Przede wszystkim to była wyjątkowa noc. 

Wszyscy byli podekscytowani – chłopaki, menadżer – czuć było tą wspaniałą atmosferę również wśród fanów. Po tym względem to była wyjątkowa noc. 

– Oczywiście, pojawił się niedosyt, że nie udało się zdobyć choćby bramki w tym spotkaniu, ale piękno fazy play-off polega na tym, że mamy jeszcze jedną szansę na wyprostowanie pewnych spraw. 

– Na London Stadium damy z siebie wszystko.

Stwarzaliśmy sobie świetne okazje. 

– Z sytuacji Nikiego powinniśmy byli zdobyć gola. Manu też miał świetną okazję i ją też powinniśmy wykorzystać. 

– Widzę w naszej grze pozytywy. Oczywiście, brakuje w naszym składzie kilku świetnych zawodników, jak chociażby Jarrod Bowen… Mam nadzieję, że zdoła wrócić w przyszłym tygodniu i znowu odciśnie swoje piętno na drużynie. 

Sevilla to groźny rywal. Widać wielkie doświadczenie w ich grze. 

– Zagrali bardzo solidnie. Chcemy być częścią takich nocy jak ta. Ekscytacja, którą czułem przed meczem grając dla mojego zespołu była nieopisana. 

– Zdaję sobie sprawę, ile to znaczy dla fanów, dla Marka Noble’a, menadżera, chłopaków… To dla mnie zaszczyt nosić opaskę kapitańską w takich chwilach. 
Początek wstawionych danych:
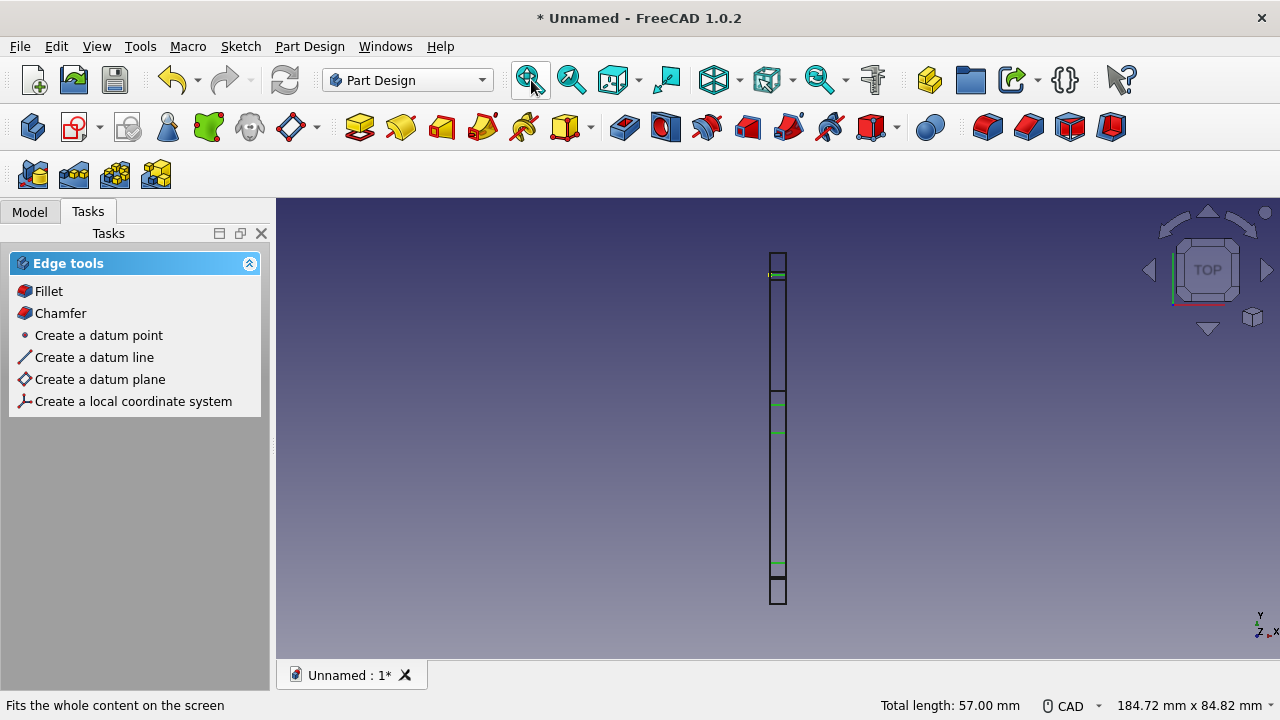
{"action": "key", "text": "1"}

Atmosfera była wyjątkowa. 

– Zawsze chcesz czuć dodatkową energię dzięki trybunom. Czasami nam się to udawało. Ciężko to utrzymać przez cały mecz. 

– Fani gospodarzy też byli niesamowici. To dla nas fajne doświadczenie móc grać przed taką publicznością.

– Kibice West Hamu zasługują na wszystko, co najlepsze. Czekali całe swoje życie na The Hammers w Europie. 

– Wielkie brawa dla nich. Wydali swoje ciężko zarobione pieniądze by móc nas zobaczyć na żywo. Serdecznie Wam dziękujemy! Bez Was nie byłoby nas w europejskich rozgrywkach. 

Jesteśmy pozytywnie nastawieni, biorąc pod uwagę naszą formę i zawodników, jakimi dysponujemy.

Wiemy, że nasz stadion będzie się trząsł w posadach. Jak mamy swój dzień, to możemy pokonać każdego. Liczę, że uda nam się wyeliminować Sevillę i awansować do kolejnej rundy.